PyroMark assay design 2.0 software (Qiagen) was used to design the assays. Target-specific primers designed with the software include a primer pair with site-specific biotinylation for target amplification and a pyrosequencing primer. Sample preparations started with 200 ng of DNA from three selected case–control pairs. Samples were first sodium bisulphite-treated with EZ DNA Methylation-Gold Kit (Zymo Research, Irvine, CA, USA, cat. No. D5006). Selected targets were then amplified by PyroMark PCR Kit (Qiagen, cat. No. 978703). A biotin-labelled template strand was then used for the pyrosequencing reaction with a specific primer using PyroMark Q24 system (Qiagen) with PyroMark Q24 Advanced CpG Reagents (Qiagen, cat. No. 970922).

Results

RRBS analysis of different cellular fractions identified methylation differences in children at risk for type 1 diabetes

When including all the longitudinal samples into the differential methylation analysis model, we discovered 225, 114 and 87 DMCs in the CD4+ T cell, CD8+ T cell and CD4CD8 cell fractions, respectively, at FDR <0.1 and absolute coverage-corrected mean methylation difference >0.1 (Fig. 2, Table 1, ESM Table 35).

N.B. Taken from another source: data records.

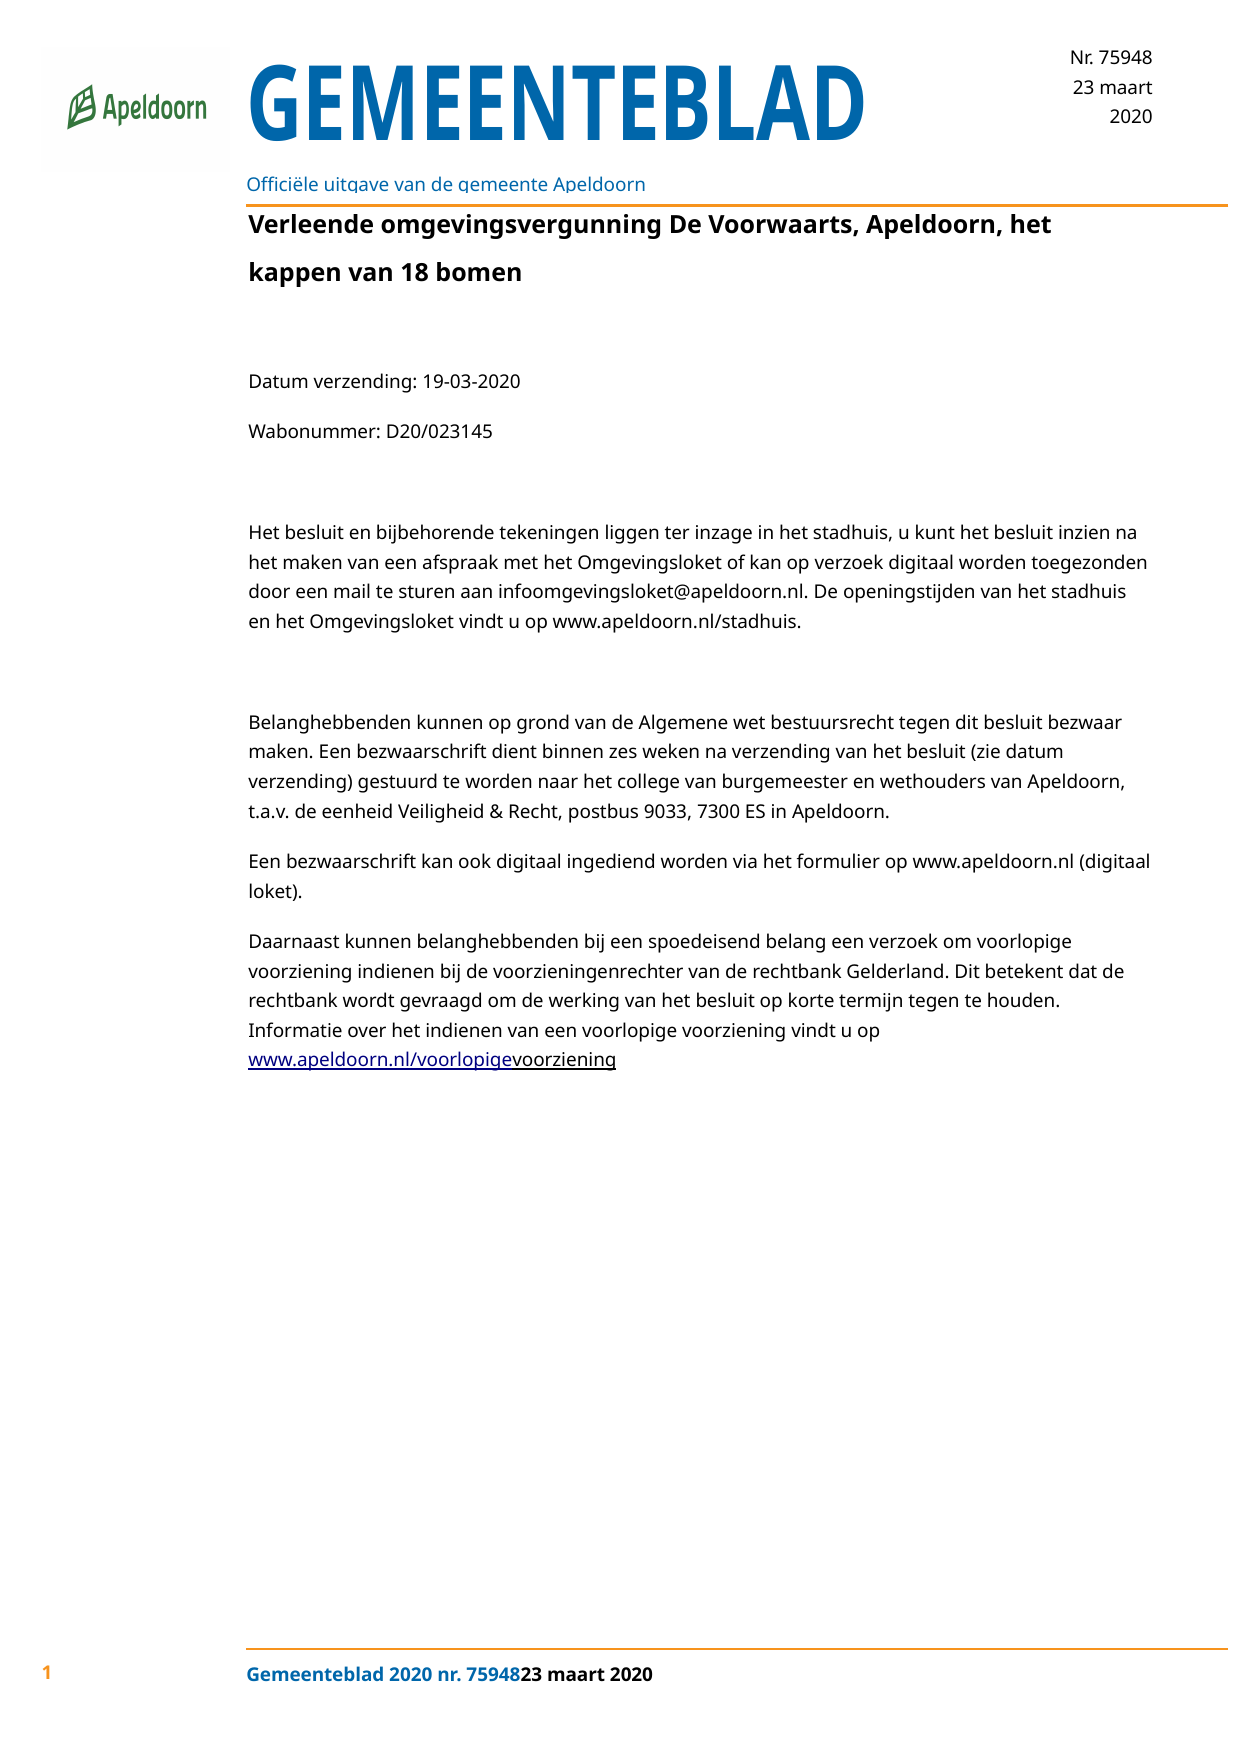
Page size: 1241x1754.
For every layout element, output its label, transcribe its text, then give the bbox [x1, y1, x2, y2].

picture [41, 47, 231, 172]
text Wabonummer: D20/023145 [248, 419, 1152, 444]
text Een bezwaarschrift kan ook digitaal ingediend worden via het formulier op www.apeldoorn.nl (digitaal loket). [248, 848, 1152, 904]
text Het besluit en bijbehorende tekeningen liggen ter inzage in het stadhuis, u kunt het besluit inzien na het maken van een afspraak met het Omgevingsloket of kan op verzoek digitaal worden toegezonden door een mail te sturen aan infoomgevingsloket@apeldoorn.nl. De openingstijden van het stadhuis en het Omgevingsloket vindt u op www.apeldoorn.nl/stadhuis. [248, 519, 1152, 634]
text Belanghebbenden kunnen op grond van de Algemene wet bestuursrecht tegen dit besluit bezwaar maken. Een bezwaarschrift dient binnen zes weken na verzending van het besluit (zie datum verzending) gestuurd te worden naar het college van burgemeester en wethouders van Apeldoorn, t.a.v. de eenheid Veiligheid & Recht, postbus 9033, 7300 ES in Apeldoorn. [248, 709, 1152, 824]
text Daarnaast kunnen belanghebbenden bij een spoedeisend belang een verzoek om voorlopige voorziening indienen bij de voorzieningenrechter van de rechtbank Gelderland. Dit betekent dat de rechtbank wordt gevraagd om de werking van het besluit op korte termijn tegen te houden. Informatie over het indienen van een voorlopige voorziening vindt u op www.apeldoorn.nl/voorlopigevoorziening [248, 928, 1152, 1072]
text Verleende omgevingsvergunning De Voorwaarts, Apeldoorn, het kappen van 18 bomen [248, 207, 1152, 288]
text Datum verzending: 19-03-2020 [248, 368, 1152, 394]

Table 1 Top-ranked DMCs at FDR <0.0001 identified between cases and controls in all longitudinal samples

In the CD4+ T cells, the DMC located in the intergenic region between TRAF3 and RCOR1 was hypomethylated in cases. Furthermore, three highly significant DMCs were found at the promoters of protein-coding genes: RGPD8, FOXR1 and ARRDC2. A variant in ARRDC2 has been genetically associated with early-onset Crohn’s disease [27]. In CD8+ T cells, the most significant DMC was located in the intergenic region between the pseudogene LOC390705 and a non-coding RNA, LOC113002582. In the CD4CD8 cell fraction, highly significant differences in methylation were observed near protein-coding genes WDR7 and EXOC5 (Table 1).

Further, to gain insights into biological functions of the genes near DMCs, we performed GO pathway enrichment analysis (Fisher’s exact test) on the sets of the nearest genes for each cell type. For CD8+ T cells, two GO terms were enriched: peptidyl-tyrosine phosphorylation (FDR = 0.035) and cell differentiation (FDR = 0.045). No GO terms were significantly enriched among the nearest genes for CD4+ T cells or CD4CD8 cell fractions.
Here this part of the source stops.